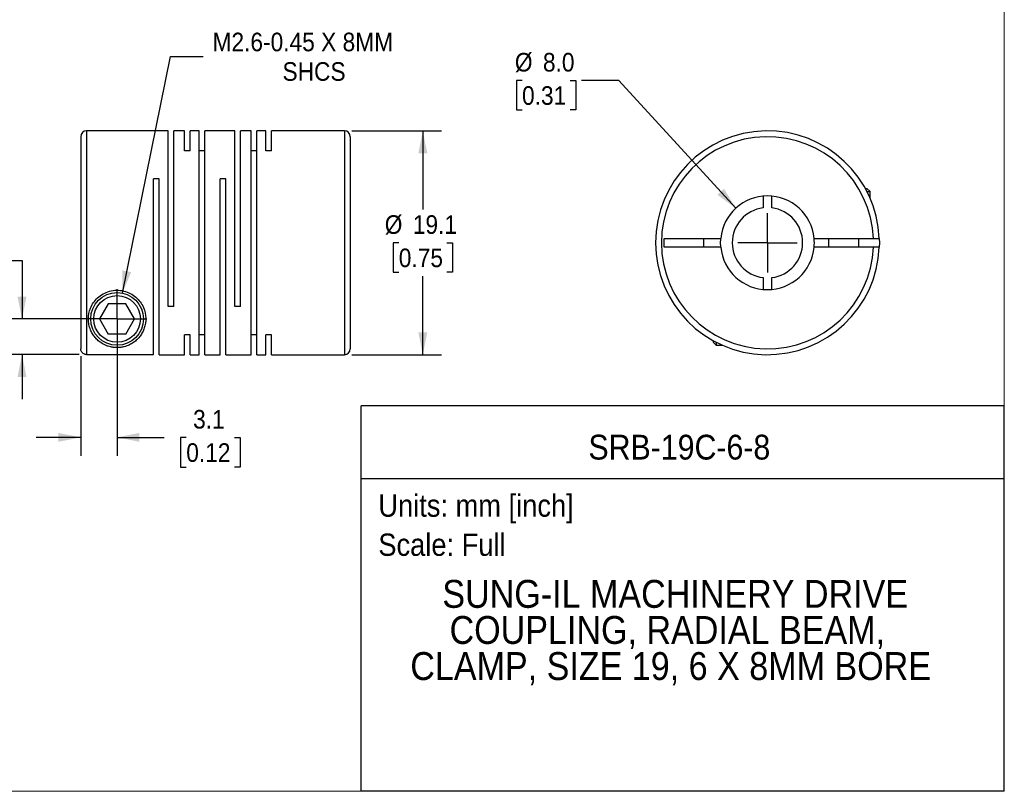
# Model space of a CAD drawing. Header units: millimetres. Extents: x 0 to 140, y 0 to 108.
# Tile 2 of 3: x 56 to 140, y 0 to 66. Entities that reach past the tile are written whole.
import ezdxf
from ezdxf.enums import TextEntityAlignment as Align

# ---------------------------------------------------------------- set-up
doc = ezdxf.new("R2010")
doc.units = ezdxf.units.MM
doc.header["$LTSCALE"] = 0.5
doc.linetypes.add('SLD-Solid', pattern=[0])
doc.layers.add('SLD-0', color=7, linetype='SLD-Solid', lineweight=25)
doc.layers.add('TEXT', color=140, linetype='SLD-Solid', lineweight=25)
doc.styles.add('SLDTEXTSTYLE0', font='GOTHIC.TTF', dxfattribs={"width": 0.913})
doc.dimstyles.new('SLDDIMSTYLE0', dxfattribs={"dimtxt": 1.5875, "dimasz": 1.905, "dimexe": 0, "dimexo": 0.0625, "dimgap": 0.396875, "dimtad": 0, "dimtih": 1, "dimtoh": 1, "dimdec": 1, "dimrnd": 1e-09, "dimzin": 4, "dimdsep": 46, "dimtxsty": 'SLDTEXTSTYLE0', "dimsah": 1, "dimcen": 0, "dimadec": 0, "dimazin": 1, "dimtfac": 1, "dimtdec": 1, "dimtofl": 0, "dimtmove": 0, "dimatfit": 3, "dimfxl": 0, "dimfrac": 2, "dimtolj": 1, "dimtzin": 12, "dimarcsym": 0})
doc.dimstyles.new('SLDDIMSTYLE1', dxfattribs={"dimtxt": 1.5875, "dimasz": 1.905, "dimexe": 0, "dimexo": 0.0625, "dimgap": 0.396875, "dimtad": 0, "dimtih": 1, "dimtoh": 1, "dimdec": 1, "dimrnd": 1e-09, "dimzin": 12, "dimdsep": 46, "dimtxsty": 'SLDTEXTSTYLE0', "dimsah": 1, "dimcen": 0.09, "dimadec": 0, "dimazin": 3, "dimtfac": 1, "dimtdec": 1, "dimtofl": 0, "dimtmove": 0, "dimatfit": 3, "dimfxl": 0, "dimfrac": 2, "dimtolj": 1, "dimtzin": 12, "dimarcsym": 0})
doc.dimstyles.new('SLDDIMSTYLE2', dxfattribs={"dimtxt": 1.5875, "dimasz": 1.905, "dimexe": 0, "dimexo": 0.0625, "dimgap": 0.396875, "dimtad": 0, "dimtih": 1, "dimtoh": 1, "dimdec": 1, "dimrnd": 1e-09, "dimzin": 12, "dimdsep": 46, "dimtxsty": 'SLDTEXTSTYLE0', "dimsah": 1, "dimcen": 0.09, "dimadec": 0, "dimazin": 3, "dimtfac": 1, "dimtdec": 1, "dimtmove": 0, "dimatfit": 0, "dimfxl": 0, "dimfrac": 2, "dimtolj": 1, "dimtzin": 12, "dimarcsym": 0})
doc.dimstyles.new('SLDDIMSTYLE3', dxfattribs={"dimtxt": 1.5875, "dimasz": 1.905, "dimexe": 0, "dimexo": 0.0625, "dimgap": 0.396875, "dimtad": 0, "dimtih": 1, "dimtoh": 1, "dimdec": 1, "dimrnd": 1e-09, "dimzin": 4, "dimdsep": 46, "dimtxsty": 'SLDTEXTSTYLE0', "dimsah": 1, "dimcen": 0.09, "dimadec": 0, "dimazin": 1, "dimtfac": 1, "dimtdec": 1, "dimtmove": 0, "dimatfit": 0, "dimfxl": 0, "dimfrac": 2, "dimtolj": 1, "dimtzin": 12, "dimarcsym": 0})
doc.dimstyles.new('SLDDIMSTYLE4', dxfattribs={"dimtxt": 1.5875, "dimasz": 1.905, "dimexe": 0, "dimexo": 0.0625, "dimgap": 0.396875, "dimtad": 0, "dimtih": 1, "dimtoh": 1, "dimdec": 1, "dimrnd": 1e-09, "dimzin": 12, "dimdsep": 46, "dimtxsty": 'SLDTEXTSTYLE0', "dimsah": 1, "dimcen": 0, "dimadec": 0, "dimazin": 3, "dimtfac": 1, "dimtdec": 1, "dimtofl": 0, "dimtmove": 0, "dimatfit": 3, "dimfxl": 0, "dimfrac": 2, "dimtolj": 1, "dimtzin": 12, "dimarcsym": 0})

# ---------------------------------------------------------------- blocks, each defined once
blk = doc.blocks.new('SW_NOTE_0')
at = {"layer": 'TEXT', "color": 0, "insert": (0, 2.433), "char_height": 1.905, "attachment_point": 1, "style": 'SLDTEXTSTYLE0'}
blk.add_mtext('Scale: Full', dxfattribs=at)
blk = doc.blocks.new('SW_NOTE_0_1')
at = {"layer": 'TEXT', "color": 0, "insert": (0, 2.433), "char_height": 1.905, "attachment_point": 1, "style": 'SLDTEXTSTYLE0'}
blk.add_mtext('Units: mm [inch]', dxfattribs=at)
blk = doc.blocks.new('Block1')
at = {"layer": 'TEXT'}
for p, q in [((139.701, 32.882), (84.822, 32.882)), ((84.822, 0.001), (84.822, 32.882)), ((139.701, 0.001), (139.701, 32.882)), ((84.822, 26.698), (139.701, 26.698)), ((139.701, 0.001), (84.822, 0.001))]:
    blk.add_line(p, q, dxfattribs=at)
at = {"layer": 'TEXT', "color": 140}
for name, p in [('SW_NOTE_0_1', (86.294, 22.903)), ('SW_NOTE_0', (86.294, 19.565))]:
    blk.add_blockref(name, p, dxfattribs=at)
at = {"layer": 'TEXT', "color": 140, "style": 'SLDTEXTSTYLE0', "width": 0.913}
for tag, height, p in [('AUTOATTR0', 2.117, (104.221, 27.676)), ('AUTOATTR1_0', 2.381, (91.756, 14.944)), ('AUTOATTR1_1', 2.381, (92.372, 11.864)), ('AUTOATTR1_2', 2.381, (89.023, 8.785))]:
    blk.add_attdef(tag, text='', height=height, dxfattribs=at).set_placement(p, align=Align.BOTTOM_LEFT)
blk = doc.blocks.new('Block2')
at = {"color": 7, "linetype": 'SLD-Solid', "lineweight": 18}
for q in [(139.701, 107.951), (0.001, 0.001)]:
    blk.add_line((139.701, 0.001), q, dxfattribs=at)
blk = doc.blocks.new('_D_1')
at = {"layer": 'SLD-0'}
for p, q in [((84.039, 56.359), (91.68, 56.359)), ((90.092, 56.359), (90.092, 49.651)), ((88.04, 46.809), (87.556, 46.809)), ((87.556, 46.809), (87.556, 44.288)), ((92.145, 46.809), (92.629, 46.809)), ((92.629, 46.809), (92.629, 44.288)), ((87.556, 44.288), (88.04, 44.288)), ((90.092, 37.259), (90.092, 43.966)), ((92.629, 44.288), (92.145, 44.288)), ((84.039, 37.259), (91.68, 37.259))]:
    blk.add_line(p, q, dxfattribs=at)
for points in [[(90.092, 56.359), (89.711, 54.454), (90.473, 54.454)], [(90.092, 37.259), (90.473, 39.164), (89.711, 39.164)]]:
    blk.add_solid(points, dxfattribs=at)
at = {"layer": 'SLD-0', "char_height": 1.5875, "attachment_point": 1, "style": 'SLDTEXTSTYLE0'}
for s, insert in [('%%c', (86.842, 49.159)), ('19.1', (89.237, 49.159)), ('0.75', (88.04, 46.316))]:
    blk.add_mtext(s, dxfattribs=dict(at, insert=insert))
blk = doc.blocks.new('_D_2')
at = {"layer": 'SLD-0'}
for p, q in [((64.004, 39.674), (64.004, 28.618)), ((60.904, 37.131), (60.904, 28.618)), ((60.904, 30.206), (57.094, 30.206)), ((64.004, 30.206), (68.03, 30.206)), ((69.906, 30.193), (69.422, 30.193)), ((69.422, 30.193), (69.422, 27.673)), ((74.011, 30.193), (74.495, 30.193)), ((74.495, 30.193), (74.495, 27.673)), ((69.422, 27.673), (69.906, 27.673)), ((74.495, 27.673), (74.011, 27.673))]:
    blk.add_line(p, q, dxfattribs=at)
for points in [[(60.904, 30.206), (58.999, 30.587), (58.999, 29.825)], [(64.004, 30.206), (65.909, 29.825), (65.909, 30.587)]]:
    blk.add_solid(points, dxfattribs=at)
at = {"layer": 'SLD-0', "char_height": 1.5875, "attachment_point": 1, "style": 'SLDTEXTSTYLE0'}
for s, insert in [('3.1', (70.492, 32.544)), ('0.12', (69.906, 29.701))]:
    blk.add_mtext(s, dxfattribs=dict(at, insert=insert))
blk = doc.blocks.new('_D_3')
at = {"layer": 'SLD-0'}
for p, q in [((46.095, 45.278), (45.611, 45.278)), ((45.611, 45.278), (45.611, 42.758)), ((50.2, 45.278), (50.684, 45.278)), ((50.684, 45.278), (50.684, 42.758)), ((52.72, 45.29), (55.895, 45.29)), ((55.895, 45.29), (55.895, 40.309)), ((45.611, 42.758), (46.095, 42.758)), ((50.684, 42.758), (50.2, 42.758)), ((63.369, 40.309), (54.307, 40.309)), ((60.769, 37.266), (54.307, 37.266)), ((55.895, 37.266), (55.895, 33.456))]:
    blk.add_line(p, q, dxfattribs=at)
for points in [[(55.895, 40.309), (56.276, 42.214), (55.514, 42.214)], [(55.895, 37.266), (55.514, 35.361), (56.276, 35.361)]]:
    blk.add_solid(points, dxfattribs=at)
at = {"layer": 'SLD-0', "char_height": 1.5875, "attachment_point": 1, "style": 'SLDTEXTSTYLE0'}
for s, insert in [('3.0', (46.681, 47.629)), ('0.12', (46.095, 44.786))]:
    blk.add_mtext(s, dxfattribs=dict(at, insert=insert))
blk = doc.blocks.new('_D_4')
at = {"layer": 'SLD-0'}
for p, q in [((64.454, 42.513), (68.577, 62.71)), ((68.577, 62.71), (71.356, 62.71))]:
    blk.add_line(p, q, dxfattribs=at)
blk.add_solid([(64.454, 42.513), (65.208, 44.303), (64.462, 44.456)], dxfattribs=at)
at = {"layer": 'SLD-0', "char_height": 1.5875, "attachment_point": 1, "style": 'SLDTEXTSTYLE0'}
for s, insert in [('M2.6-0.45 X 8MM', (72.149, 64.738)), ('SHCS', (78.118, 62.218))]:
    blk.add_mtext(s, dxfattribs=dict(at, insert=insert))
blk = doc.blocks.new('SW_CENTERMARKSYMBOL_1')
at = {"layer": 'SLD-0', "color": 0}
for q in [(0, 2.54), (-2.54, 0), (0, -2.54), (2.54, 0)]:
    blk.add_line((0, 0), q, dxfattribs=at)
blk = doc.blocks.new('_D_5')
at = {"layer": 'SLD-0'}
for p, q in [((98.555, 60.66), (98.071, 60.66)), ((98.071, 60.66), (98.071, 58.14)), ((102.66, 60.66), (103.144, 60.66)), ((103.144, 60.66), (103.144, 58.14)), ((106.803, 60.66), (103.628, 60.66)), ((116.793, 49.758), (106.803, 60.66)), ((98.071, 58.14), (98.555, 58.14)), ((103.144, 58.14), (102.66, 58.14))]:
    blk.add_line(p, q, dxfattribs=at)
blk.add_solid([(116.793, 49.758), (115.787, 51.42), (115.225, 50.905)], dxfattribs=at)
at = {"layer": 'SLD-0', "char_height": 1.5875, "attachment_point": 1, "style": 'SLDTEXTSTYLE0'}
for s, insert in [('%%c', (97.944, 63.01)), ('8.0', (100.338, 63.01)), ('0.31', (98.555, 60.168))]:
    blk.add_mtext(s, dxfattribs=dict(at, insert=insert))
blk = doc.blocks.new('SW_CENTERMARKSYMBOL_2')
at = {"layer": 'SLD-0', "color": 0}
for q in [(0, 2.54), (-2.54, 0), (0, -2.54), (2.54, 0)]:
    blk.add_line((0, 0), q, dxfattribs=at)

msp = doc.modelspace()

# ---------------------------------------------------------------- linework, layer by layer
for p, q in [((68.354, 56.359), (61.404, 56.359)), ((61.404, 56.359), (61.404, 37.266)), ((68.354, 41.359), (68.354, 56.359)), ((69.754, 56.359), (68.834, 56.359)), ((68.834, 41.359), (68.834, 56.359)), ((69.754, 54.651), (69.754, 56.359)), ((71.004, 56.359), (70.234, 56.359)), ((70.234, 54.651), (70.234, 56.359)), ((71.004, 37.259), (71.004, 56.359)), ((74.054, 56.359), (71.484, 56.359)), ((71.484, 37.259), (71.484, 56.359)), ((74.054, 41.359), (74.054, 56.359)), ((75.454, 56.359), (74.534, 56.359)), ((74.534, 41.359), (74.534, 56.359)), ((75.454, 37.259), (75.454, 56.359)), ((76.704, 56.359), (75.934, 56.359)), ((75.934, 37.259), (75.934, 56.359)), ((76.704, 54.651), (76.704, 56.359)), ((83.404, 56.359), (77.184, 56.359)), ((77.184, 54.651), (77.184, 56.359)), ((83.404, 56.359), (83.404, 37.259)), ((60.904, 55.859), (60.904, 37.766)), ((83.904, 55.859), (83.904, 37.759)), ((70.234, 54.651), (69.754, 54.651)), ((71.484, 54.651), (71.004, 54.651)), ((75.934, 54.651), (75.454, 54.651)), ((77.184, 54.651), (76.704, 54.651)), ((67.584, 52.259), (67.104, 52.259)), ((67.104, 37.266), (67.104, 52.259)), ((67.584, 37.259), (67.584, 52.259)), ((73.284, 52.259), (72.804, 52.259)), ((72.804, 37.259), (72.804, 52.259)), ((73.284, 37.259), (73.284, 52.259)), ((127.848, 51.439), (127.985, 51.439)), ((128.245, 51.179), (127.985, 51.439)), ((119.12, 50.791), (119.12, 49.785)), ((119.87, 49.785), (119.87, 50.791)), ((127.987, 51.179), (128.245, 51.179)), ((128.245, 50.635), (128.245, 51.179)), ((110.695, 47.184), (115.513, 47.184)), ((110.695, 46.434), (110.695, 47.184)), ((114.045, 47.184), (114.045, 46.434)), ((123.478, 47.184), (128.538, 47.184)), ((124.695, 47.184), (124.695, 46.434)), ((127.295, 46.434), (127.295, 47.184)), ((115.513, 46.434), (110.695, 46.434)), ((128.538, 46.434), (123.478, 46.434)), ((119.12, 43.832), (119.12, 42.826)), ((119.87, 42.826), (119.87, 43.832)), ((63.253, 41.609), (62.503, 40.309)), ((64.754, 41.609), (63.253, 41.609)), ((65.505, 40.309), (64.754, 41.609)), ((68.834, 41.359), (68.354, 41.359)), ((74.534, 41.359), (74.054, 41.359)), ((62.503, 40.309), (63.253, 39.009)), ((64.754, 39.009), (65.505, 40.309)), ((64.754, 39.009), (63.253, 39.009)), ((70.234, 38.966), (69.754, 38.966)), ((69.754, 37.259), (69.754, 38.966)), ((70.234, 37.259), (70.234, 38.966)), ((71.484, 38.966), (71.004, 38.966)), ((75.934, 38.966), (75.454, 38.966)), ((77.184, 38.966), (76.704, 38.966)), ((76.704, 37.259), (76.704, 38.966)), ((77.184, 37.259), (77.184, 38.966)), ((114.865, 38.456), (114.865, 38.319)), ((114.865, 38.319), (115.125, 38.059)), ((115.125, 38.317), (115.125, 38.059)), ((115.125, 38.059), (115.669, 38.059)), ((61.404, 37.266), (67.104, 37.266)), ((67.584, 37.259), (69.754, 37.259)), ((70.234, 37.259), (71.004, 37.259)), ((71.484, 37.259), (72.804, 37.259)), ((73.284, 37.259), (75.454, 37.259)), ((75.934, 37.259), (76.704, 37.259)), ((77.184, 37.259), (83.404, 37.259))]:
    msp.add_line(p, q)
at = {"flags": 128}
for points in [[(115.495, 46.809), (115.508, 47.122), (115.513, 47.184)], [(129.038, 47.184), (129.045, 46.809), (129.038, 46.434)], [(115.513, 46.434), (115.508, 46.495), (115.495, 46.809)]]:
    msp.add_lwpolyline(points, dxfattribs=at)
for radius in [2.25, 1.99]:
    msp.add_circle((64.004, 40.309), radius)
for centre, radius, start, end in [((61.404, 55.859), 0.5, 90, 180), ((83.404, 55.859), 0.5, 0, 90), ((119.495, 46.809), 9.55, 2.25041, 357.74959), ((119.495, 46.809), 9.05, 2.37481, 357.62519), ((119.495, 46.809), 4, 5.37938, 174.62062), ((119.495, 46.809), 3, 97.18076, 262.81924), ((119.495, 46.809), 3, 277.18076, 82.81924), ((119.495, 46.809), 4, 354.62062, 5.37938), ((119.495, 46.809), 4, 185.37938, 354.62062), ((83.404, 37.759), 0.5, 270, 0)]:
    msp.add_arc(centre, radius, start, end)
for points, knots in [([(128.538, 47.184), (128.562, 47.184), (128.609, 47.184), (128.678, 47.184), (128.742, 47.184), (128.8, 47.184), (128.853, 47.184), (128.899, 47.184), (128.938, 47.184), (128.971, 47.184), (128.996, 47.184), (129.016, 47.184), (129.029, 47.184), (129.037, 47.184), (129.038, 47.184), (129.038, 47.184)], [0, 0, 0, 0, 0.0916056, 0.1807638, 0.2674746, 0.3517377, 0.4335532, 0.5129211, 0.5898417, 0.6643153, 0.7363423, 0.8059235, 0.8730595, 0.9377513, 1, 1, 1, 1]), ([(129.038, 46.434), (129.037, 46.434), (129.035, 46.434), (129.018, 46.433), (128.989, 46.433), (128.947, 46.433), (128.89, 46.433), (128.819, 46.433), (128.735, 46.433), (128.64, 46.434), (128.572, 46.434), (128.538, 46.434)], [0, 0, 0, 0, 0.090721, 0.186537, 0.287451, 0.393462, 0.504573, 0.620783, 0.742091, 0.868497, 1, 1, 1, 1]), ([(61.554, 40.309), (61.553, 40.013), (61.633, 39.597), (61.85, 39.118), (62.063, 38.797), (62.322, 38.513), (62.629, 38.267), (62.939, 38.093), (63.227, 37.981), (63.475, 37.912), (63.746, 37.866), (64.047, 37.853), (64.343, 37.876), (64.611, 37.93), (64.85, 38.005), (65.127, 38.123), (65.424, 38.299), (65.725, 38.551), (65.977, 38.84), (66.183, 39.167), (66.39, 39.653), (66.508, 40.352), (66.35, 41.149), (66.002, 41.761), (65.624, 42.176), (65.142, 42.505), (64.576, 42.717), (63.966, 42.784), (63.36, 42.698), (62.801, 42.471), (62.33, 42.128), (61.966, 41.705), (61.636, 41.086), (61.554, 40.606), (61.554, 40.309)], [0, 0, 0, 0, 0.062226, 0.093551, 0.124664, 0.155704, 0.186947, 0.218236, 0.235227, 0.249692, 0.266177, 0.281061, 0.295767, 0.312441, 0.328142, 0.343805, 0.375122, 0.406252, 0.437497, 0.46868, 0.49972, 0.562068, 0.624336, 0.656123, 0.686918, 0.718115, 0.749456, 0.780751, 0.812029, 0.843402, 0.874675, 0.905503, 0.93742, 1, 1, 1, 1]), ([(61.404, 37.266), (61.382, 37.267), (61.339, 37.269), (61.275, 37.282), (61.202, 37.307), (61.124, 37.348), (61.048, 37.41), (60.986, 37.486), (60.94, 37.573), (60.909, 37.668), (60.906, 37.734), (60.904, 37.766)], [0, 0, 0, 0, 0.082297, 0.165403, 0.250748, 0.375195, 0.500573, 0.622892, 0.749821, 0.875014, 1, 1, 1, 1])]:
    msp.add_open_spline(points, degree=3, knots=knots)

# ---------------------------------------------------------------- block references
at = {"color": 7, "linetype": 'Continuous'}
msp.add_blockref('Block2', (0, 0), dxfattribs=at)
msp.add_blockref('Block1', (0, 0), dxfattribs=at).add_auto_attribs({'AUTOATTR0': 'SRB-19C-6-8', 'AUTOATTR1_0': 'SUNG-IL MACHINERY DRIVE ', 'AUTOATTR1_1': 'COUPLING, RADIAL BEAM, ', 'AUTOATTR1_2': 'CLAMP, SIZE 19, 6 X 8MM BORE'})
at = {"layer": 'SLD-0'}
for name, p in [('SW_CENTERMARKSYMBOL_2', (119.495, 46.809)), ('SW_CENTERMARKSYMBOL_1', (64.004, 40.309))]:
    msp.add_blockref(name, p, dxfattribs=at)

# ---------------------------------------------------------------- dimensions: what is measured, and where the dimension line sits
dim = msp.add_diameter_dim_2p(p1=(63.554, 38.104), p2=(64.454, 42.513), text='M2.6-0.45 X 8MM\\PSHCS', dimstyle='SLDDIMSTYLE4', override={"dimpost": '<>'}, dxfattribs=at)
dim.commit()
dim.dimension.update_dxf_attribs({"geometry": '_D_4', "text_midpoint": (80.755, 62.71), "dimtype": 163})
dim = msp.add_diameter_dim_2p(p1=(122.198, 43.86), p2=(116.793, 49.758), dimstyle='SLDDIMSTYLE0', dxfattribs=at)
dim.commit()
dim.dimension.update_dxf_attribs({"geometry": '_D_5', "text_midpoint": (100.608, 60.66), "dimtype": 163})
dim = msp.add_linear_dim(base=(90.092, 37.259), p1=(83.404, 56.359), p2=(83.404, 37.259), angle=90, text='%%c<>', dimstyle='SLDDIMSTYLE1', dxfattribs=at)
dim.commit()
dim.dimension.update_dxf_attribs({"geometry": '_D_1', "text_midpoint": (90.092, 46.809), "dimtype": 160})
dim = msp.add_linear_dim(base=(55.895, 40.309), p1=(61.404, 37.266), p2=(64.004, 40.309), angle=90, dimstyle='SLDDIMSTYLE3', dxfattribs=at)
dim.commit()
dim.dimension.update_dxf_attribs({"geometry": '_D_3', "text_midpoint": (55.895, 45.29), "dimtype": 160})
dim = msp.add_linear_dim(base=(64.004, 30.206), p1=(60.904, 37.766), p2=(64.004, 40.309), dimstyle='SLDDIMSTYLE2', dxfattribs=at)
dim.commit()
dim.dimension.update_dxf_attribs({"geometry": '_D_2', "text_midpoint": (71.959, 30.206), "dimtype": 160})

doc.saveas('drawing.dxf')

◆ ◆ ◆ ◆ ◆

**Work required**
The expected answer is a copy of every line in the entries that holds the word "Align".

**Answer to this exercise**
from ezdxf.enums import TextEntityAlignment as Align
    blk.add_attdef(tag, text='', height=height, dxfattribs=at).set_placement(p, align=Align.BOTTOM_LEFT)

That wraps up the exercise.